P.O. Box 2458, Walnut Creek, CA
94595
 (Address of principal executive offices)
 (Zip Code)
 
 Registrant’s telephone number, including area code
925-943-2090
 
 
 (Former name or former address, if changed since last report.)
 
 
Check the appropriate box below if the Form 8-K filing is intended to simultaneously satisfy the filing obligation of the registrant under any of the following provisions (see General Instruction A.2. below):
 
o Written communications pursuant to Rule 425 under the Securities Act (17 CFR 230.425)
 
o Soliciting material pursuant to Rule 14a-12 under the Exchange Act (17 CFR 240.14a-12)
 
o Pre-commencement communications pursuant to Rule 14d-2(b) under the Exchange Act (17 CFR 240.14d-2(b))
 
o Pre-commencement communications pursuant to Rule 13e-4(c) under the Exchange Act (17 CFR 240.13e-4(c))


 
 

 

 
Item 8.01  - Other Events

On December 27, 2011, the Board of Directors of DM Products, Inc. (“DMP”) entered into a resolution for the dissolution of its subsidiary, Aliano, Inc. (“Aliano”).  A Certificate of Dissolution was filed with the Nevada Secretary of State on December 28, 2011.  The reason for the dissolution was the inability of the company to obtain the necessary financing for commencement of any operations under Aliano.  As such, the Board determined that the cost of maintaining the subsidiary entity was not justified.
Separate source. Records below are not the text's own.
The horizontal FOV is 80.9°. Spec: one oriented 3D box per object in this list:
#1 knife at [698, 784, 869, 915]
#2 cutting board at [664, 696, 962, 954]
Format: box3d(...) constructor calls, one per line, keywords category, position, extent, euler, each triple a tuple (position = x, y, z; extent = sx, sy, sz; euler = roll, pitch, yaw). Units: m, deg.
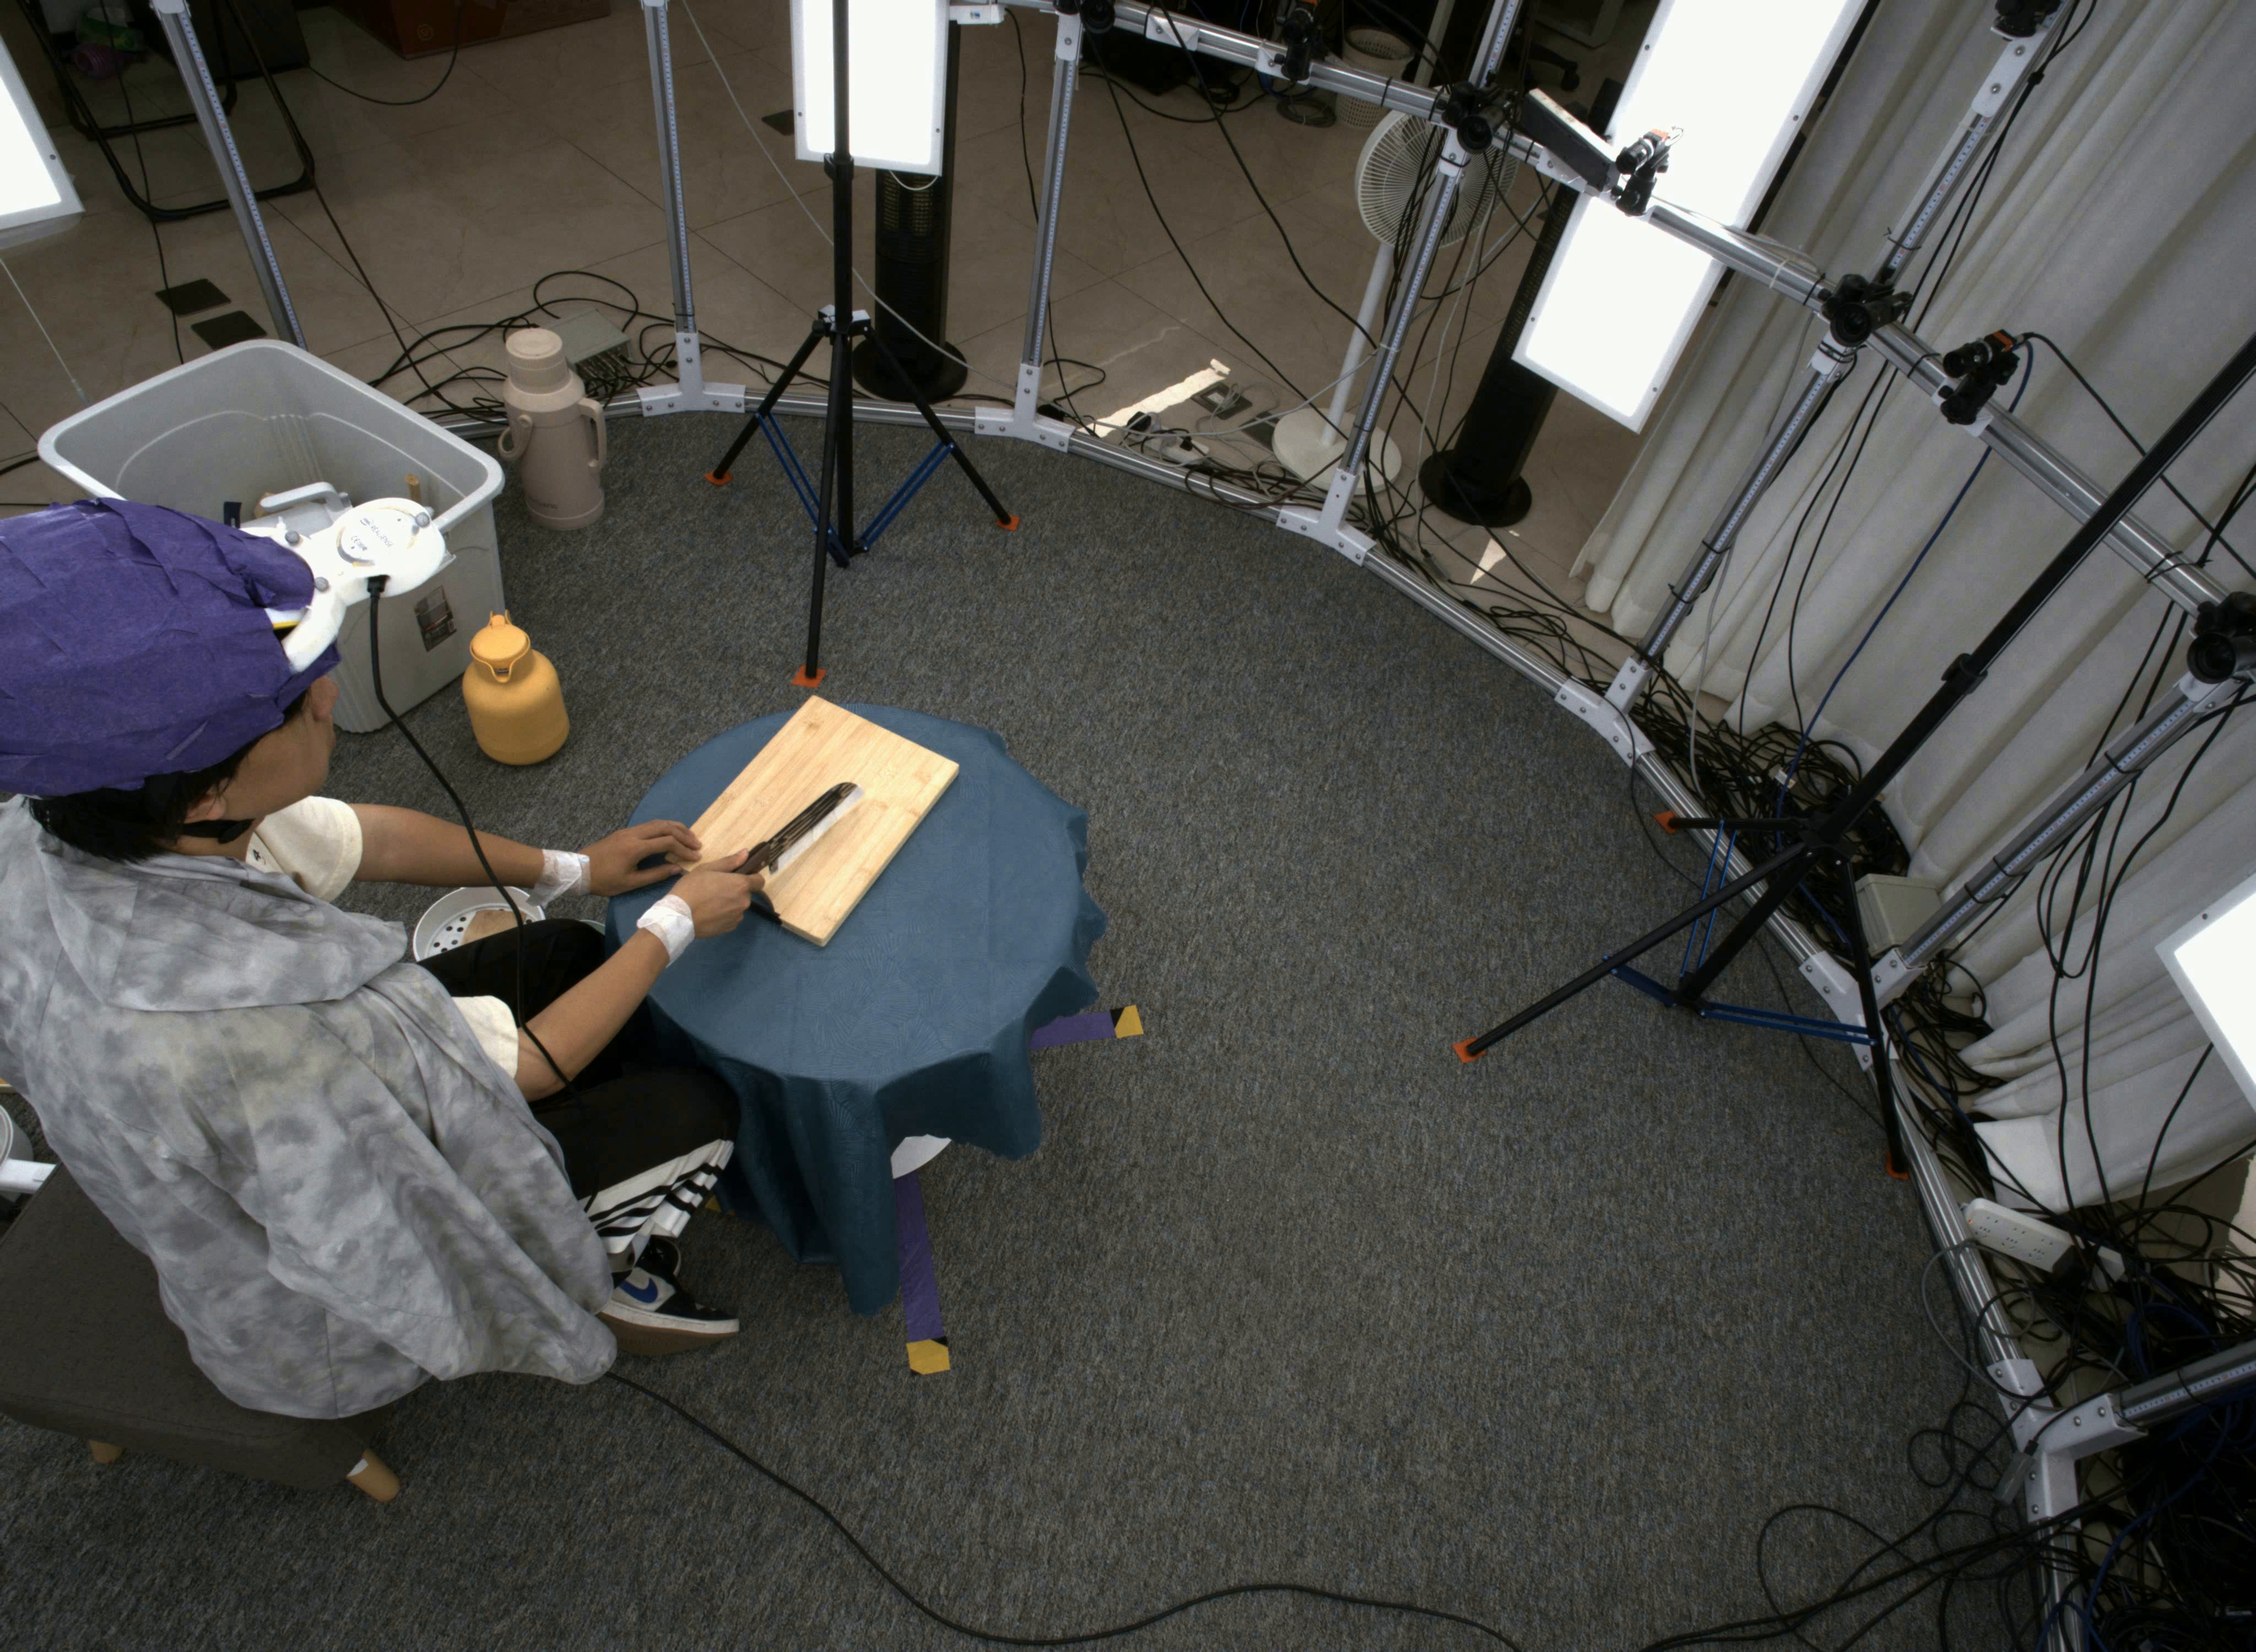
box3d(category="knife", position=(-0.426, 0.028, 1.632), extent=(0.023, 0.070, 0.299), euler=(27, 49, 19))
box3d(category="cutting board", position=(-0.410, -0.013, 1.729), extent=(0.247, 0.024, 0.346), euler=(26, 52, 6))

Aliano was established in July 2010 as a Nevada corporation, and wholly owned subsidiary of DMP, for the purpose of formulating, producing and marketing a line of luxury perfume and related products.  Other than organization activities, DMP has not engaged in any operations with this new line of business.

Due to the company’s inability to locate capital or other financing necessary to implement its business intent, the Board of Directors felt it necessary to dissolve Aliano and discontinue its pursuit of a fragrance division.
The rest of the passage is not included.